» Problem details: Nothing but the pictures should be left out when the entries below are duplicated.

» Given records:

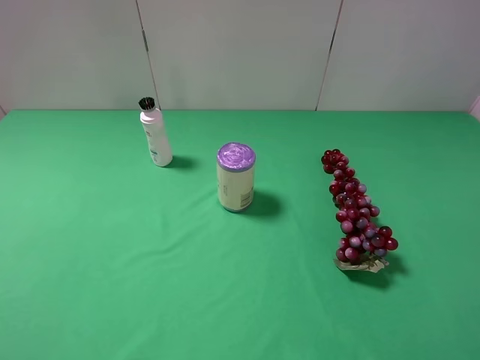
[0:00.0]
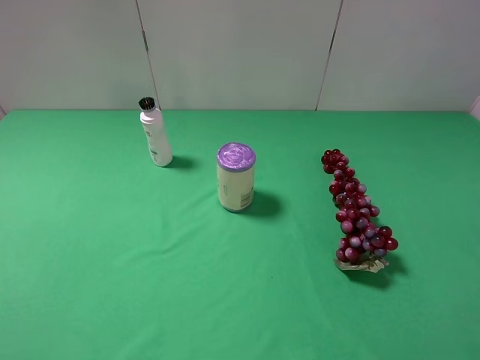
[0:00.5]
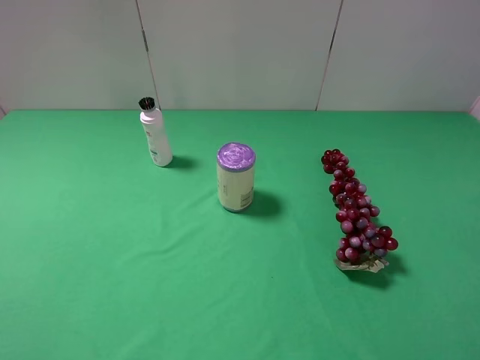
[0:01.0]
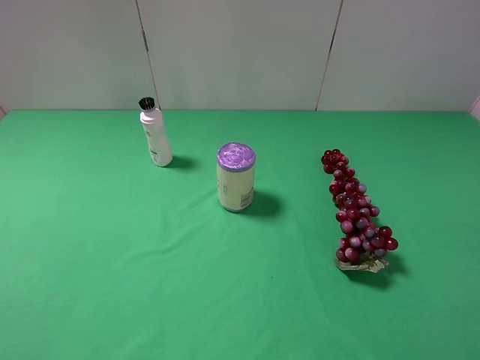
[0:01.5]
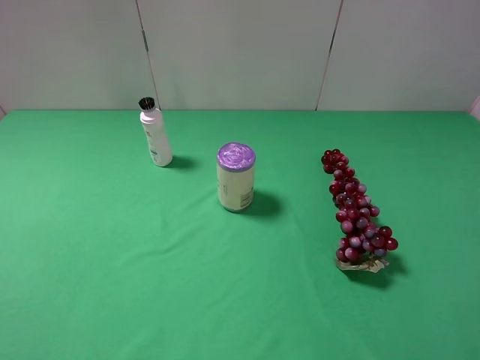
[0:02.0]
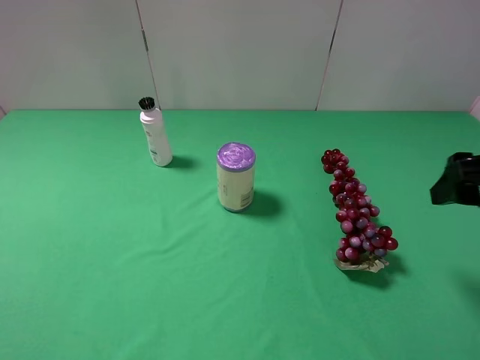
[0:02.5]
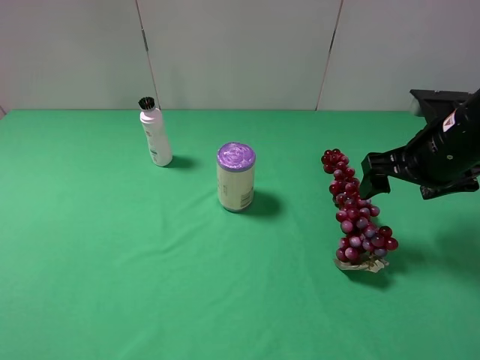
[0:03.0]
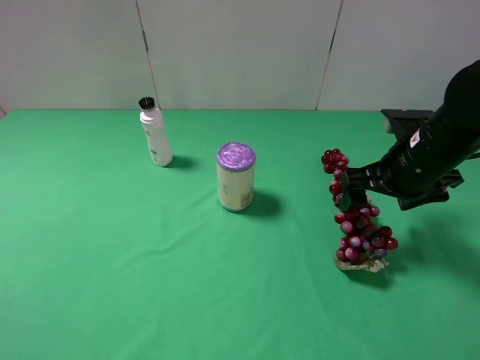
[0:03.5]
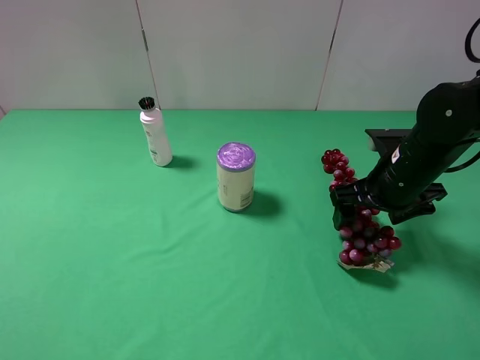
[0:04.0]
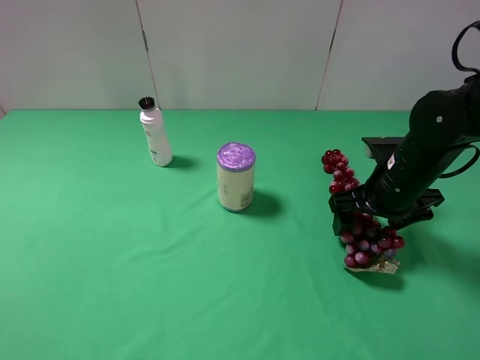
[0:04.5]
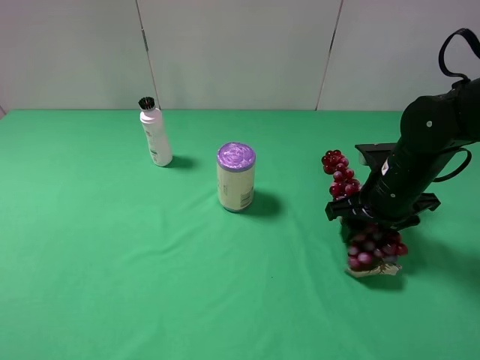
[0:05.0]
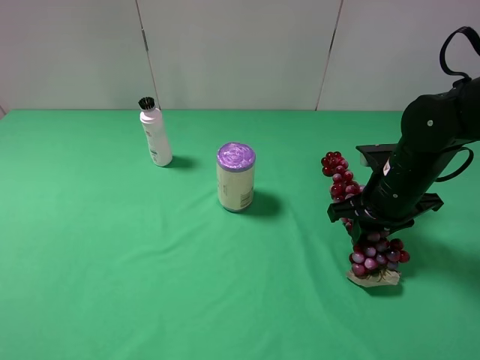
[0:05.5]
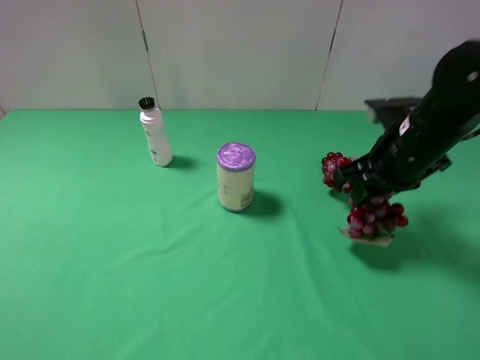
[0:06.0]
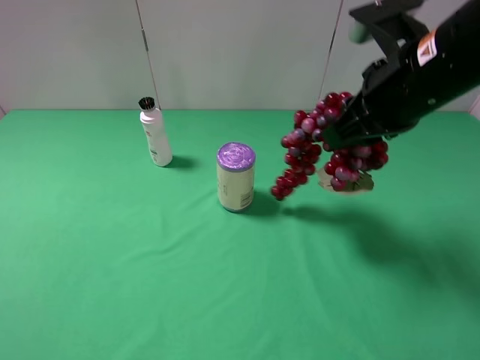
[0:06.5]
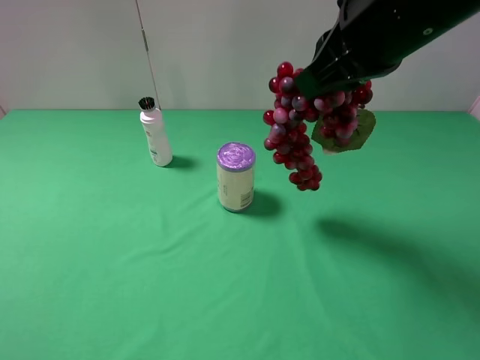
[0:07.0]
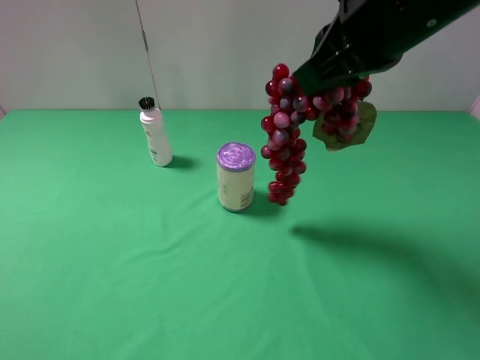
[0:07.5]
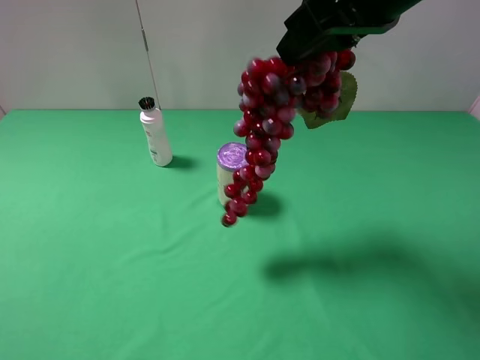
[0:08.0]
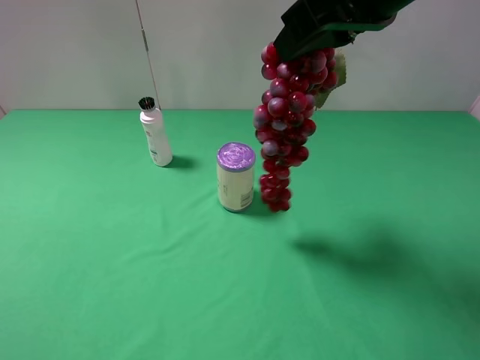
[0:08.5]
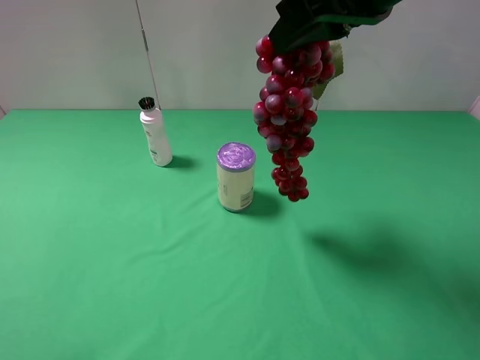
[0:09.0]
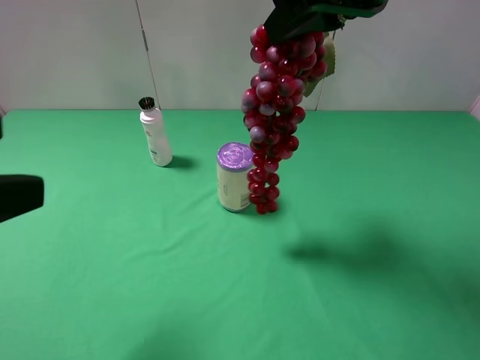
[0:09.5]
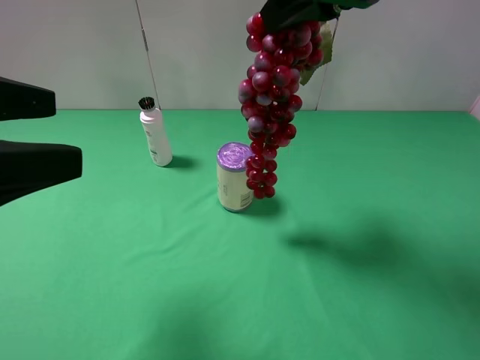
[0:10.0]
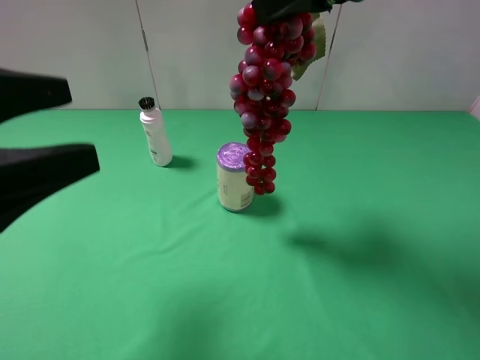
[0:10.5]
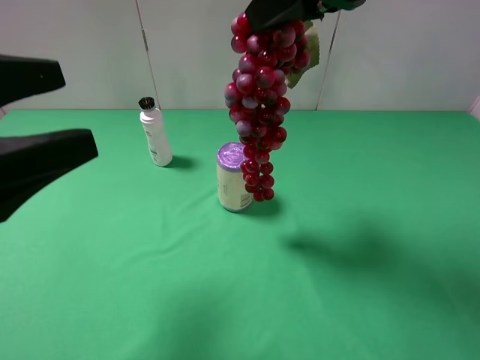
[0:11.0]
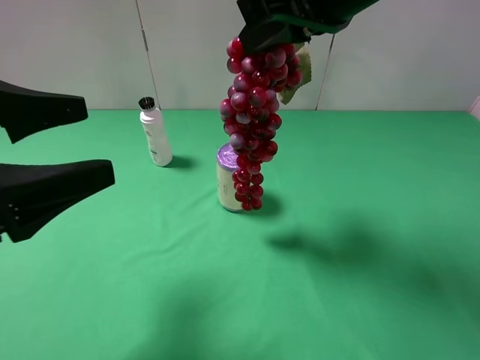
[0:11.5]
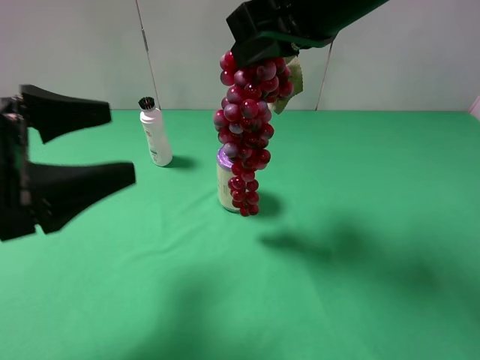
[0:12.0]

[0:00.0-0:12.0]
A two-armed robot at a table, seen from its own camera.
Task of the whole recording: use the right gripper to pick up the item and transfer it from the right gripper to the left gripper.
Step, 0:00.0 to 0:05.0: Use the right gripper to grab the grape on the right side of the table.
0:02.0 to 0:04.0: The right gripper moves forward, downward and to the left, about 25 cm.
0:04.0 to 0:06.0: The right gripper heads upward, covering some 5 cm, and closes its fingers.
0:06.0 to 0:08.0: The right gripper is displaced upward and to the left by roughly 20 cm.
0:08.0 to 0:10.0: The left gripper travels forward and to the right by some 15 cm.
0:10.0 to 0:12.0: The left gripper moves downward, some 5 cm.

» Task answer:
[0:00.0]
[0:00.5]
[0:01.0]
[0:01.5]
[0:02.0]
[0:02.5]
[0:03.0]
[0:03.5]
[0:04.0]
[0:04.5]
[0:05.0]
[0:05.5]
[0:06.0]
[0:06.5]
[0:07.0]
[0:07.5]
[0:08.0]
[0:08.5]
[0:09.0]
[0:09.5]
[0:10.0]
[0:10.5]
[0:11.0]
[0:11.5]
[0:12.0]

[0:00.0-0:12.0]
A two-armed robot at a table, seen from its own camera.
Task of the whole recording: use the right gripper to pick up the item and transfer it from the right gripper to the left gripper.
Step, 0:00.0 to 0:05.0: Use the right gripper to grab the grape on the right side of the table.
0:02.0 to 0:04.0: The right gripper moves forward, downward and to the left, about 25 cm.
0:04.0 to 0:06.0: The right gripper heads upward, covering some 5 cm, and closes its fingers.
0:06.0 to 0:08.0: The right gripper is displaced upward and to the left by roughly 20 cm.
0:08.0 to 0:10.0: The left gripper travels forward and to the right by some 15 cm.
0:10.0 to 0:12.0: The left gripper moves downward, some 5 cm.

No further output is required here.